[Start of Attachment]

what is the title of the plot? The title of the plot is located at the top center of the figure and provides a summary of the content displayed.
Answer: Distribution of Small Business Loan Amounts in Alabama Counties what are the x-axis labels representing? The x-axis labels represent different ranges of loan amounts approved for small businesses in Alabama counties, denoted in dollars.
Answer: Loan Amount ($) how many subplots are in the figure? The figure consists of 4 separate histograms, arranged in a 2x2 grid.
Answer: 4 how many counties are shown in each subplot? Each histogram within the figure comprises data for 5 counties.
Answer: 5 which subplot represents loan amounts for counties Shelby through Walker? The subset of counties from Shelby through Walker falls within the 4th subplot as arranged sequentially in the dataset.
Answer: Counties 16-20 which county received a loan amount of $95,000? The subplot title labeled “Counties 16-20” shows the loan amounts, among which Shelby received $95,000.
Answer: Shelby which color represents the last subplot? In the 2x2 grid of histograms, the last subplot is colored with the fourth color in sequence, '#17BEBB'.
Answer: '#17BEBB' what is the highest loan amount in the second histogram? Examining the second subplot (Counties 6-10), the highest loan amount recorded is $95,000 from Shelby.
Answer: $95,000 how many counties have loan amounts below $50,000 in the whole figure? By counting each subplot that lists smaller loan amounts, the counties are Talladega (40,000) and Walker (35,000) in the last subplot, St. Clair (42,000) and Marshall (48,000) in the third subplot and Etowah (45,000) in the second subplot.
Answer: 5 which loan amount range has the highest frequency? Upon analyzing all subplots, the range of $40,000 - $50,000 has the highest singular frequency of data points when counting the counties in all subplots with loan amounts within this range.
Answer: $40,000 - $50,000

[End of Attachment]

▶ _WHAT YOU SHOULD DO_
Your task is to transcribe exactly the lines from the one with "Answer: Counties 16-20" through the end of the data, both included, and nothing besides.

▶ _TASK RESULT_
Answer: Counties 16-20 which county received a loan amount of $95,000? The subplot title labeled “Counties 16-20” shows the loan amounts, among which Shelby received $95,000.
Answer: Shelby which color represents the last subplot? In the 2x2 grid of histograms, the last subplot is colored with the fourth color in sequence, '#17BEBB'.
Answer: '#17BEBB' what is the highest loan amount in the second histogram? Examining the second subplot (Counties 6-10), the highest loan amount recorded is $95,000 from Shelby.
Answer: $95,000 how many counties have loan amounts below $50,000 in the whole figure? By counting each subplot that lists smaller loan amounts, the counties are Talladega (40,000) and Walker (35,000) in the last subplot, St. Clair (42,000) and Marshall (48,000) in the third subplot and Etowah (45,000) in the second subplot.
Answer: 5 which loan amount range has the highest frequency? Upon analyzing all subplots, the range of $40,000 - $50,000 has the highest singular frequency of data points when counting the counties in all subplots with loan amounts within this range.
Answer: $40,000 - $50,000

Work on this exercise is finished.